CREST International Focuses on U.S. Accreditation
Tom Brennan, organizer of HACK NYC 2018, discussed the cybersecurity accreditation and certification process from CREST INTERNATIONAL, during a Roundtable discussion on first day of HACK NYC 2018 on May 8.
CREST is a not-for-profit “accreditation body whose role is to create and maintain high standards within the cyber security sector and to drive a consistency of quality across its member organisations to offer assurance to the buying community.”
Aimed at creating a standard for buyers and sellers of cybersecurity products and services, Brennan emphasized the CREST accreditation is a process that concentrates on the methodologies, remediation and compliance for penetration testing for individuals and companies. It is not a regulatory body.

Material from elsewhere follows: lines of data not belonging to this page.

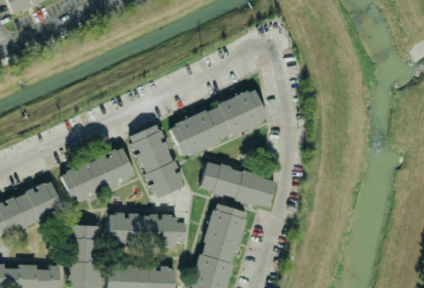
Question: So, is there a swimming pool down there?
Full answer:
No, the frame has no swimming pool in it.
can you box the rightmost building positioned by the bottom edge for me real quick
[190,204,246,288]
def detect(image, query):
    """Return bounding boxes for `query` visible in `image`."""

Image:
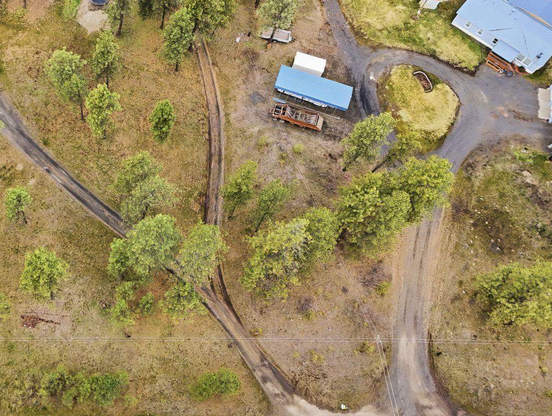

“This is manual humans doing penetration testing, SOC management things of that nature in a product agnostic, neutral way. This has nothing to do with a widget with a blinky light,” said Brennan, who serves as a CREST Americas board member. “This has to do with do the people on the team understand the process of data handling controls when they prove beyond a reasonable doubt there is traceability in a chain of custody.”
Brennan and attendees discussed comparable information security certifications and standards, including the Offensive Security Certified Professional (OSCP), the PCI Data Security Standard (PCI DSS) and the National Security Agency’s Cyber Assurance Program (NSCAP).
GCHQ helped roll out CREST in the U.K. and Singapore before CREST took over the management of the NSA’s Cyber Incident Response Assistance (CIRA) accreditation program in 2016. The program screens cybersecurity organizations for qualifications to become potential business partners.
BugHeist Partners with Penteston to Provide Crowd Testing Services
A cloud-based platform, PENTESTON tests network devices, custom web applications and internet telecommunications devices for software bugs and flaws.